Pancreatic Cancer - Gemcitabine HCl (Zefei) is indicated as first line treatment for patients with locally advanced (nonresectable Stage II or Stage III) or metastatic (Stage IV) adenocarcinoma of the pancreas. It is also indicated for patients previously treated with 5-FU.
Gemcitabine HCl (Zefei) is contraindicated in those patients with known hypersensitivity to the drug.
Anaemia, leukocytopenia, thrombocytopenia, elevation of liver transaminase enzymes, or alkaline phosphatase, nausea and vomiting, diarrhea or mild constipation, moderate proteinuria and haematuria, dyspnoea, allergic skin reactions, anaphylactoid reaction, somnolence, flu-like symptoms, oedema, alopecia, oral soreness and erythema.

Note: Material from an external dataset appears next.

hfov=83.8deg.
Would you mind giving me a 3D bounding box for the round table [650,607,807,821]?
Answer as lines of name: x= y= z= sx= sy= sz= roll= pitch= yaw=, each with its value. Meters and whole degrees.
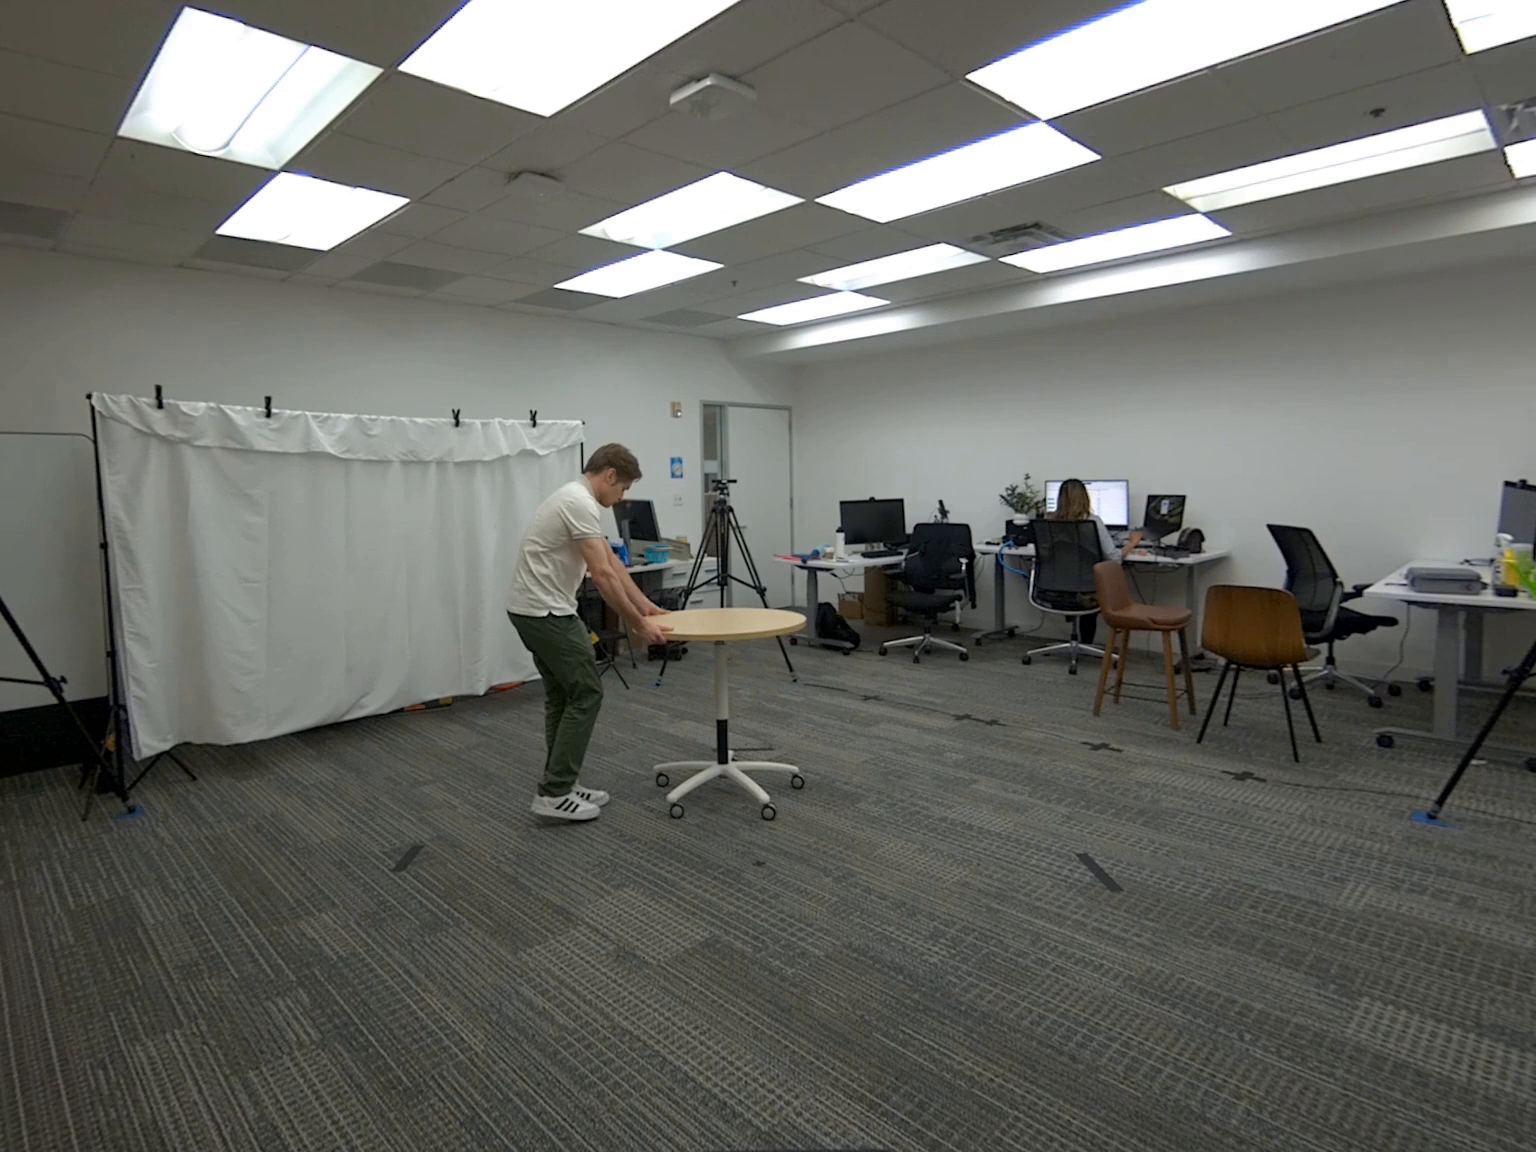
round table: x=-0.208 y=0.580 z=3.775 sx=0.784 sy=0.784 sz=0.788 roll=-2 pitch=4 yaw=-2

PrecautionsDosage and Administration
Patients receiving Gemcitabine HCl (Zefei) should be monitored prior to each dose with complete blood count (CBC) including differential and platelet, leukocyte and granulocyte count. Suspension or modification of therapy should be considered when marrow suppression is detected.
Laboratory evaluation of renal and hepatic function should be performed prior to initiation of therapy and periodically thereafter.

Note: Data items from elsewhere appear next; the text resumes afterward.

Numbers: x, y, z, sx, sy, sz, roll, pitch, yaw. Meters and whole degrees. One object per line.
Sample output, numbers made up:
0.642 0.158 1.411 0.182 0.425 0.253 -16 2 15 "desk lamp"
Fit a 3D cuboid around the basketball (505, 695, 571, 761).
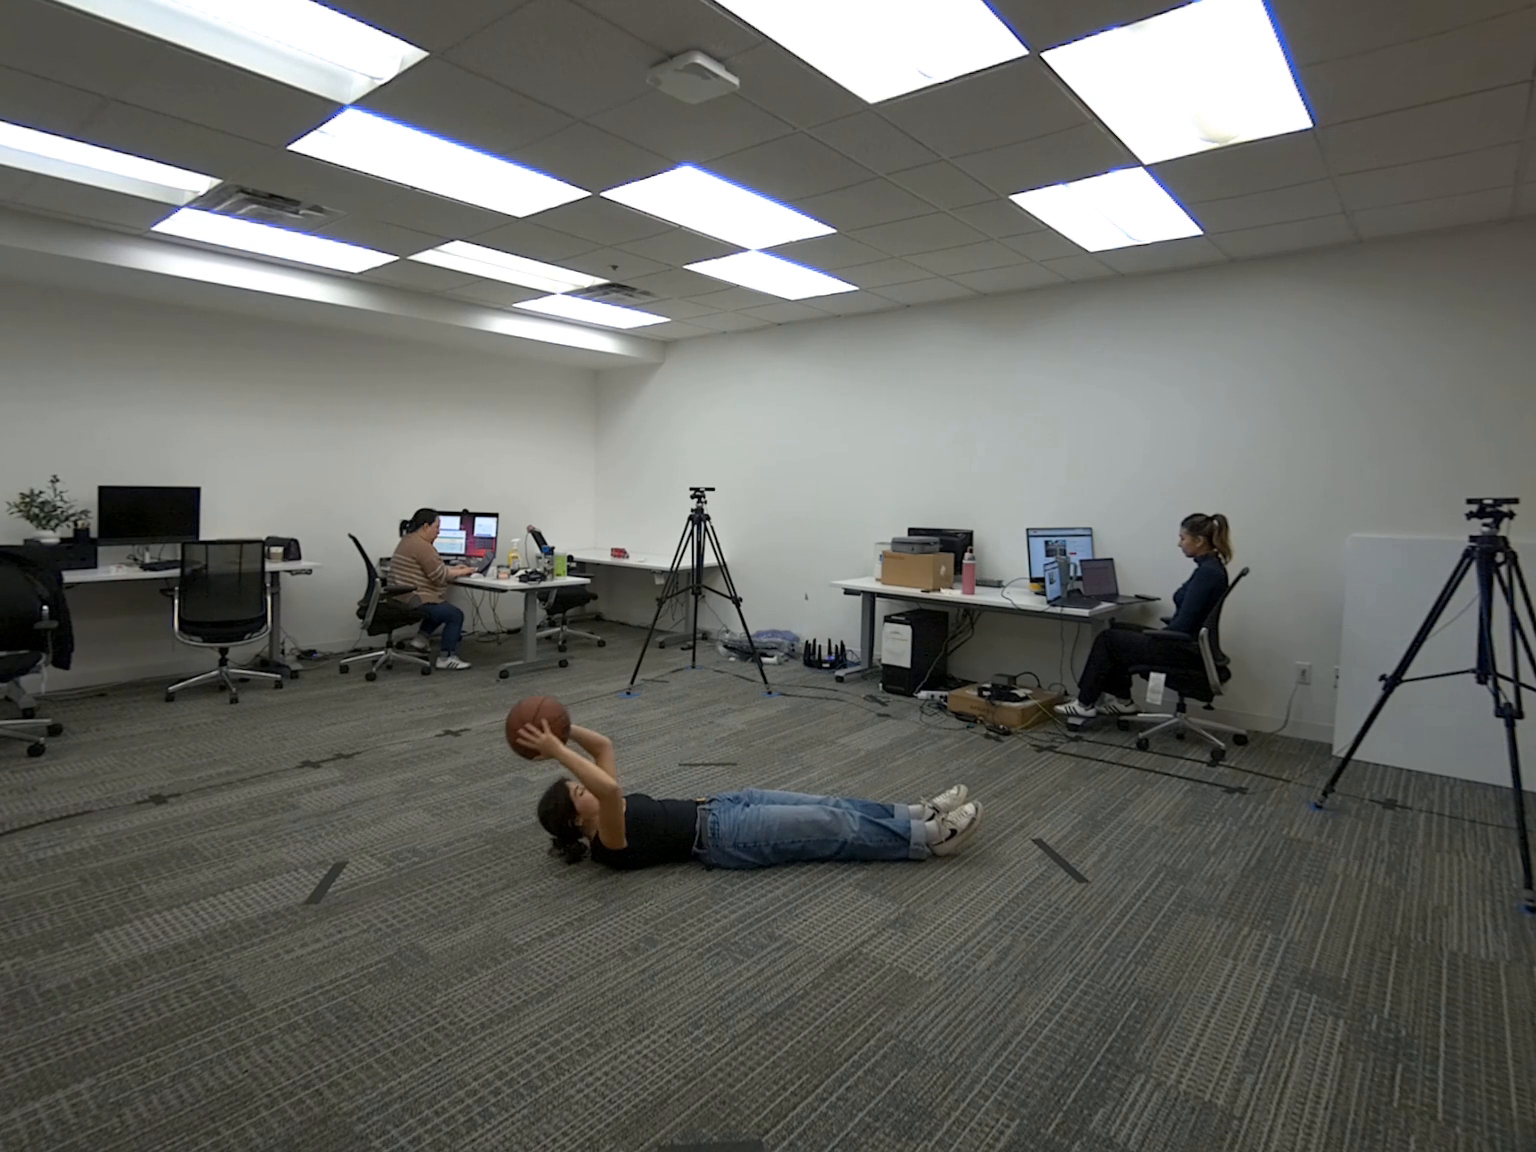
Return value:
-0.845 0.567 3.139 0.235 0.235 0.237 1 4 -2 "basketball"
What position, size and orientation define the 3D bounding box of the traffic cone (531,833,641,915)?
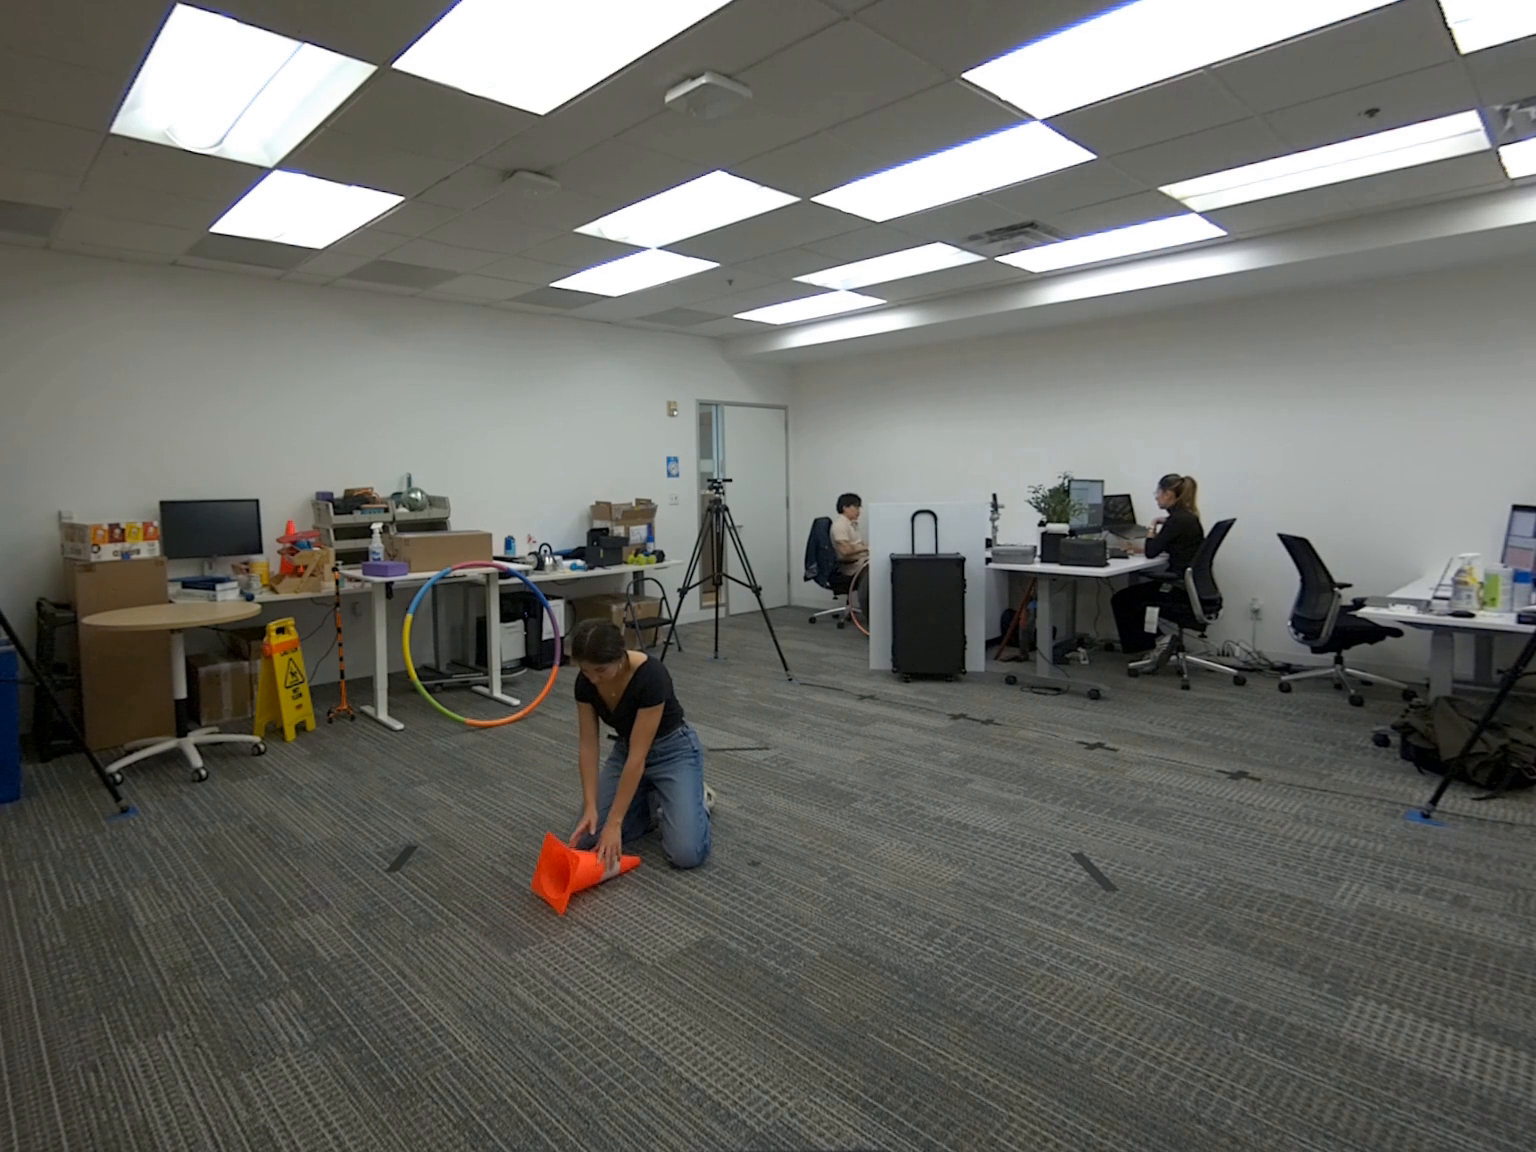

Prolongation of the infusion time beyond 60 minutes and more frequent than weekly dosing have been shown to increase toxicity.
Gemcitabine HCl can cause fetal harm when administered to a pregnant woman. If Gemcitabine HCl is used during pregnancy, or if the patient becomes pregnant while taking Gemcitabine HCl, the patient should be apprised of the potential hazard to the fetus.

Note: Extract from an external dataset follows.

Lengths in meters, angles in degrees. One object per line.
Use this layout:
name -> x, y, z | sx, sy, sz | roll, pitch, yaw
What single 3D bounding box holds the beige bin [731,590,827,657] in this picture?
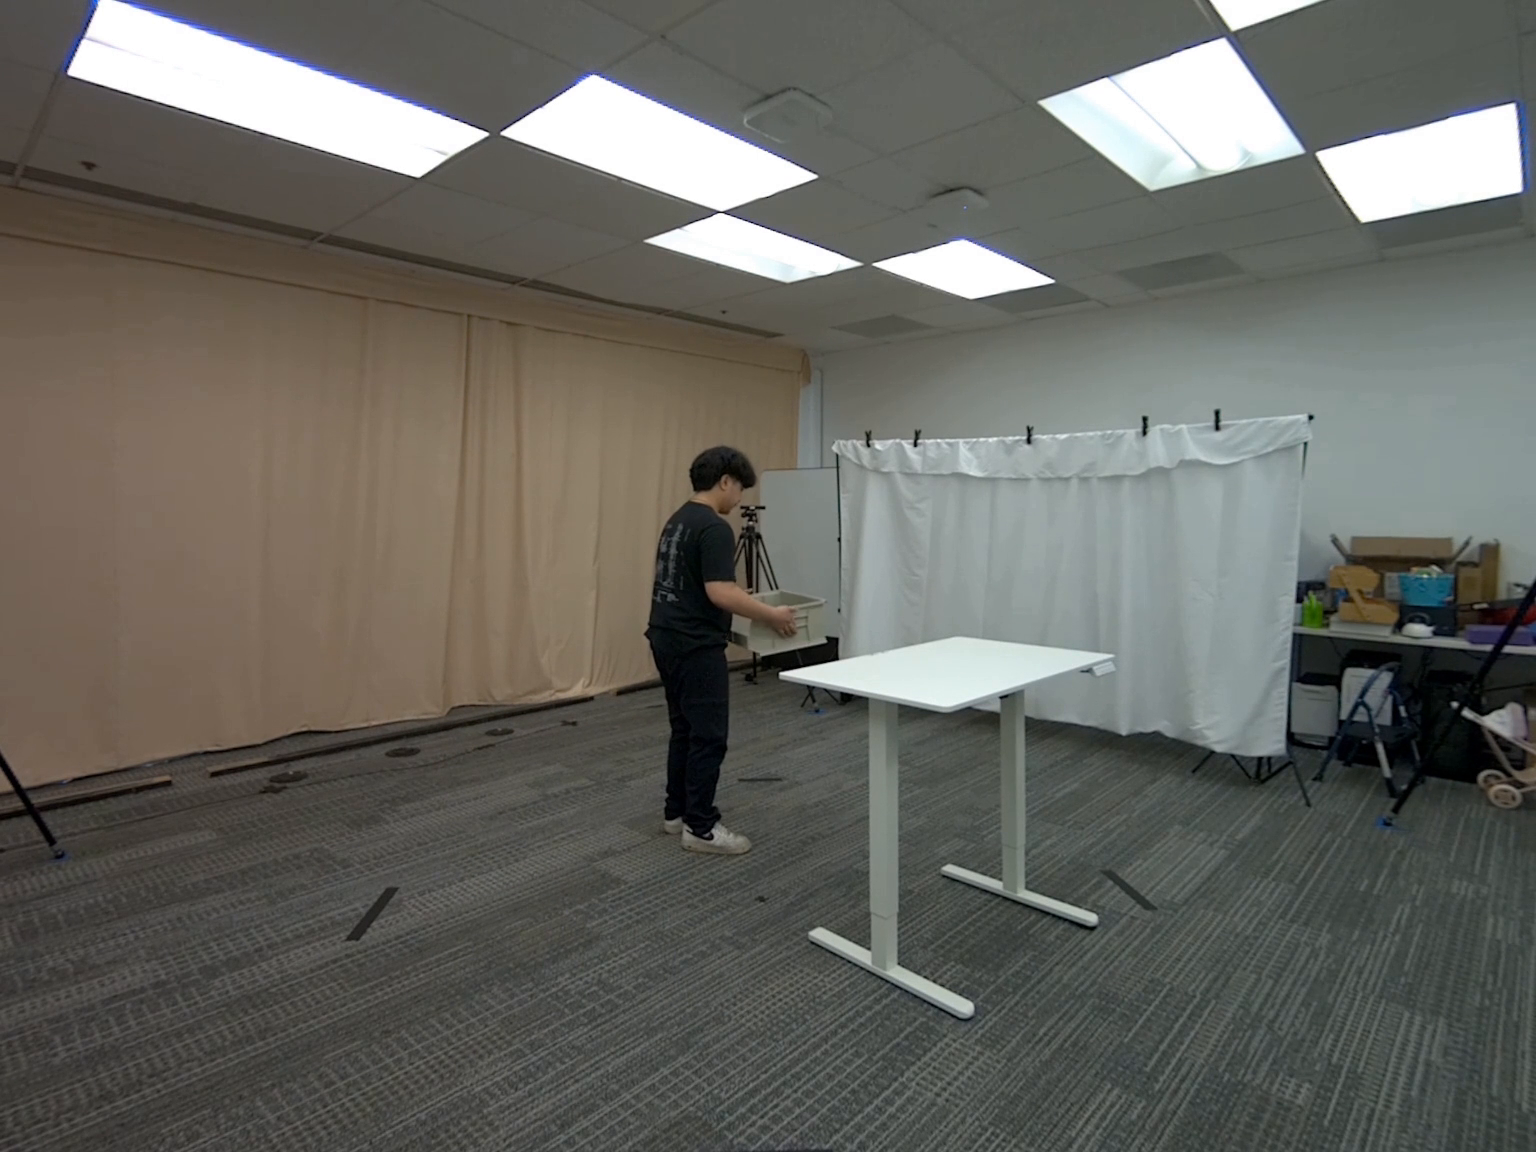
beige bin -> -0.003, 0.194, 3.631 | 0.369, 0.188, 0.433 | -8, 8, -24

Gemcitabine HCl (Zefei) is for intravenous use only.
Adult Single-Agent for Pancreatic Cancer - should be administered by intravenous infusion at a dose of 1000mg/m2 over 30 minutes once weekly for up to 7 weeks (or until toxicity necessitates reducing or holding a dose), followed by a week of rest from treatment. Subsequent cycles should consist of infusions once weekly for 3 consecutive weeks out of every 4 weeks.
Combination Use for Non-Small-Cell Lung Cancer - With the 4-week schedule, Gemcitabine HCl should be administered intravenously at 1000 mg/m2 over 30 minutes on days 1,8 and 15 of each 28-day cycle. Cisplatin should be administered intravenously at 100 mg/m2 on day 1 after the infusion of Gemcitabine HCl. With the 3 week schedule, Gemcitabine HCl should be administered intravenously at 1250 mg/m2 over 30 minutes on days 1and 8 of each 21-day cycle. Cisplatin at a dose of 100 mg/m2 should be administered intravenously after the infusion of Gemcitabine HCl on day 1.
Dosage modification - Dosage adjustments for hematologic toxicity maybe required for Gemcitabine HCl and Cisplatin.